SigOpt at AAAI 2020

The AAAI Conference on Artificial Intelligence will be taking place on February 7-12, 2020 at the Midtown Manhattan Hilton. Researchers in AI from around the world will gather to discuss recent breakthroughs and define topics of interest for the coming year.

SigOpt is excited to participate in the AI job fair at AAAI taking place on February 11, 2020 from 12:30 – 3:00 PM. Our Research Engineers, Michael McCourt and Gustavo, will be attending the conference. If you are interested to learn more about SigOpt, San Francisco, Silicon Valley or startup life, stop by the career fair booth and chat with our team.
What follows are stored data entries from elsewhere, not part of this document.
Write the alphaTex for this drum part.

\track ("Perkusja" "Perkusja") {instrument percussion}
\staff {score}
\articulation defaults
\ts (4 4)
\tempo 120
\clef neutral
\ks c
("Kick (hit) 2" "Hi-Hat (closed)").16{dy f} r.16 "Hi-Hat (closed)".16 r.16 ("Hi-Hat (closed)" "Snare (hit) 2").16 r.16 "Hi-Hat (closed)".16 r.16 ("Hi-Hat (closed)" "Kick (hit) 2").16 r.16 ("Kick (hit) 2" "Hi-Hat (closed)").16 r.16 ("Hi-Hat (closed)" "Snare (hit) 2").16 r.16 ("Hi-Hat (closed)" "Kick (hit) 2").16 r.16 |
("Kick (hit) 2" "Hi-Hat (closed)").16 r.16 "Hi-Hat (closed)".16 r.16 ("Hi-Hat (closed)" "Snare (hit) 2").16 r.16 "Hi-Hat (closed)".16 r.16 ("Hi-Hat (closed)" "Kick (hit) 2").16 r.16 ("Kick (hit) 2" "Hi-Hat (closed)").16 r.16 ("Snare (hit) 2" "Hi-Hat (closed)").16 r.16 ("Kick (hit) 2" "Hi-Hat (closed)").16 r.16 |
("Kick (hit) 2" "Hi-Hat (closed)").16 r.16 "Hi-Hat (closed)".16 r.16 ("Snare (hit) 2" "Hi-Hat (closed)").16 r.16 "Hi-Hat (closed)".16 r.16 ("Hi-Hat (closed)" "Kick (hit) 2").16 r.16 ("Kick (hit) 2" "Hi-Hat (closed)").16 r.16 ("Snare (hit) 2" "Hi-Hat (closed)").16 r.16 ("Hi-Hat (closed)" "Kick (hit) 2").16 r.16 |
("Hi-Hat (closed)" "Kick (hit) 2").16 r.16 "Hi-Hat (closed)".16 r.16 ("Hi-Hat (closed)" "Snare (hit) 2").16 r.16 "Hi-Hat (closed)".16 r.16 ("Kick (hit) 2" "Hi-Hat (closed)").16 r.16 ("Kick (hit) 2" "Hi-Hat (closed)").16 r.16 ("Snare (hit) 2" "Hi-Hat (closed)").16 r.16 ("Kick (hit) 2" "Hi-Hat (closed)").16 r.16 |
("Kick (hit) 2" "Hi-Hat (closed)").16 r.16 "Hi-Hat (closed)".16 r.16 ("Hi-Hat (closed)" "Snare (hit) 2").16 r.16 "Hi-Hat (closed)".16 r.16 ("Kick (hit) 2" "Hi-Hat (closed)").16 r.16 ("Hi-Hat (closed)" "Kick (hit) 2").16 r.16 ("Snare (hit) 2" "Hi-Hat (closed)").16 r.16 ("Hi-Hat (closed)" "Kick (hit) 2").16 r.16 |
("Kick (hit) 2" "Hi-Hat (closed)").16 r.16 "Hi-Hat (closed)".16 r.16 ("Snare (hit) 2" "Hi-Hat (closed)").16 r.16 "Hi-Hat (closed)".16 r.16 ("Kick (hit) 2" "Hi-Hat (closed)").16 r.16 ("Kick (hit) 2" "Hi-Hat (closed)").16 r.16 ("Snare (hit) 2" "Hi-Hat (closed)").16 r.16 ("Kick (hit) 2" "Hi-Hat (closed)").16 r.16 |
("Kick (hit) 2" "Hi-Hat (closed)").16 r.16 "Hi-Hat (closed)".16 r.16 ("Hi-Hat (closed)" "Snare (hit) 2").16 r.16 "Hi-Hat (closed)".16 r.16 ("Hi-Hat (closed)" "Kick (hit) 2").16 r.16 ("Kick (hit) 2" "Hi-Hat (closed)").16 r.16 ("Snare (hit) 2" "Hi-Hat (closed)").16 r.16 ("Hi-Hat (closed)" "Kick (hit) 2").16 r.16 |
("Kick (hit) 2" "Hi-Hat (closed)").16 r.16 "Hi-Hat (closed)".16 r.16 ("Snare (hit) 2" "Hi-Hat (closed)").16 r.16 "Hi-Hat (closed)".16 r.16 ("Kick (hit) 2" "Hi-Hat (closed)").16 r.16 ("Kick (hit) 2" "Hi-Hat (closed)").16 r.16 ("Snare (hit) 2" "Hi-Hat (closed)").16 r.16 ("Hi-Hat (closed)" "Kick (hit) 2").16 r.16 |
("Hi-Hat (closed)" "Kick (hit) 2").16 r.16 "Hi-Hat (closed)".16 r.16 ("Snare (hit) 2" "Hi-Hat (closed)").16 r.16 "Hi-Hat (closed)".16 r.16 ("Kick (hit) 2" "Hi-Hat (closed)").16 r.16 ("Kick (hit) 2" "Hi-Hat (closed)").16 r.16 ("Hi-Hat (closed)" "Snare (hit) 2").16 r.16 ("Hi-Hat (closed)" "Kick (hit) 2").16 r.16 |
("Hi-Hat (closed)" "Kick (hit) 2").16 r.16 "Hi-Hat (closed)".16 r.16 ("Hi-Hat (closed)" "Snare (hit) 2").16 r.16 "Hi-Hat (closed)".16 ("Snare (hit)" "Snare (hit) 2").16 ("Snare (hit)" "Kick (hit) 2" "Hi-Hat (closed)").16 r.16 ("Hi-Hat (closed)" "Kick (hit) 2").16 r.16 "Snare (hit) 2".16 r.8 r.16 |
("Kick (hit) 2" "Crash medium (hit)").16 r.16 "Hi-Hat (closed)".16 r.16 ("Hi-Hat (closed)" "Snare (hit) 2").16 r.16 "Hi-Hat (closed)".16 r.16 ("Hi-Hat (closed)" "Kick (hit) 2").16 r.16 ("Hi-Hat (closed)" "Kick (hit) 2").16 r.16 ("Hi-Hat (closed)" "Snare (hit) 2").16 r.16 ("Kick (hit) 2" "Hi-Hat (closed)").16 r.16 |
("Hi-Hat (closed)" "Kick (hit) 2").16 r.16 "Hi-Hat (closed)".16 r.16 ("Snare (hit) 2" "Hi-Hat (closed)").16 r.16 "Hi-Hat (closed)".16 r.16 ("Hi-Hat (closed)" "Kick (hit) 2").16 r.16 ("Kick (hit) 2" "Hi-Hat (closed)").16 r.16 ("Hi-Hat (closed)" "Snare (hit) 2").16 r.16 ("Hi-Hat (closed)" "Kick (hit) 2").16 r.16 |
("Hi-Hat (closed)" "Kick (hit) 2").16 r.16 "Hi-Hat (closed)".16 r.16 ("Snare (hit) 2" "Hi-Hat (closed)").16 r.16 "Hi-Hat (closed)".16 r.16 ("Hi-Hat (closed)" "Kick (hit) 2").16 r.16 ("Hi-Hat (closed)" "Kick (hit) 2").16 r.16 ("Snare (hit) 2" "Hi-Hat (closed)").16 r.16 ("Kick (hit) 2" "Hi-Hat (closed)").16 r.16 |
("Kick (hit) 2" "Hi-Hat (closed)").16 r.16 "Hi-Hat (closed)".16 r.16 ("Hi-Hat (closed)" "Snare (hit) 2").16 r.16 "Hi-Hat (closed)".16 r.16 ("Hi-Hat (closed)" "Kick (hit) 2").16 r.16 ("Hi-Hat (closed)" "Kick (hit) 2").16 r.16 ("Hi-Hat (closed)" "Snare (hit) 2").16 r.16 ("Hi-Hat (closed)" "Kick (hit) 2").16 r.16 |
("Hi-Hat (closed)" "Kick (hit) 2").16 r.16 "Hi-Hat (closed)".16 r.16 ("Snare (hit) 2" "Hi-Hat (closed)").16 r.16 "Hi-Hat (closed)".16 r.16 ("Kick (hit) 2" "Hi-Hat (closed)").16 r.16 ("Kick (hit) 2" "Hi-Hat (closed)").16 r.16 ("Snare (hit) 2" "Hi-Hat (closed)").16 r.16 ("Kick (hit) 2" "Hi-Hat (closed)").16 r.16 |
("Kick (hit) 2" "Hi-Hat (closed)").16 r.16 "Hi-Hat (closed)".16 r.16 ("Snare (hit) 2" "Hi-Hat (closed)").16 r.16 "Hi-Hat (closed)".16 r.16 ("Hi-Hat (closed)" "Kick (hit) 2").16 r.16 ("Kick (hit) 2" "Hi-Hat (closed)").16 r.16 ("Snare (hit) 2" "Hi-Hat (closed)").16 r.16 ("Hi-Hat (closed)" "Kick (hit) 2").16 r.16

Accelerating Psychometric Screening Tests with Prior Information

Among the researchers at AAAI is SigOpt research engineer Gustavo Malkomes, who will be presenting his latest research at the Health Intelligence workshop. The article is a continuation of joint research between Gustavo at Dr. Dennis Barbour’s research team at the Washington University of St. Louis; earlier results were presented at the NeurIPS workshop on ML for Health.


Classical methods for psychometric function estimation either require excessive measurements or produce only a low-resolution approximation of the target psychometric function. In this paper, we propose two solutions for rapid high-resolution approximation of the psychometric function of a patient given her or his prior exam.

First, we develop a rapid screening algorithm for a change in the psychometric function estimation of a patient. We use Bayesian active model selection to perform an automated pure-tone audiometry test with the goal of quickly finding if the current estimation will be different from the previous one. Second, we propose an algorithm for learning the patient’s audible threshold. We use the previous test as a prior belief to reduce the number of measurements necessary for estimation.

We validate our methods using audiometric data from the National Institute for Occupational Safety and Health (NIOSH). Initial results indicate that with a few tones we can i) detect if the patient’s audiometric function has changed between the two test sessions with high confidence, and ii) learn high-resolution approximations of the target psychometric function.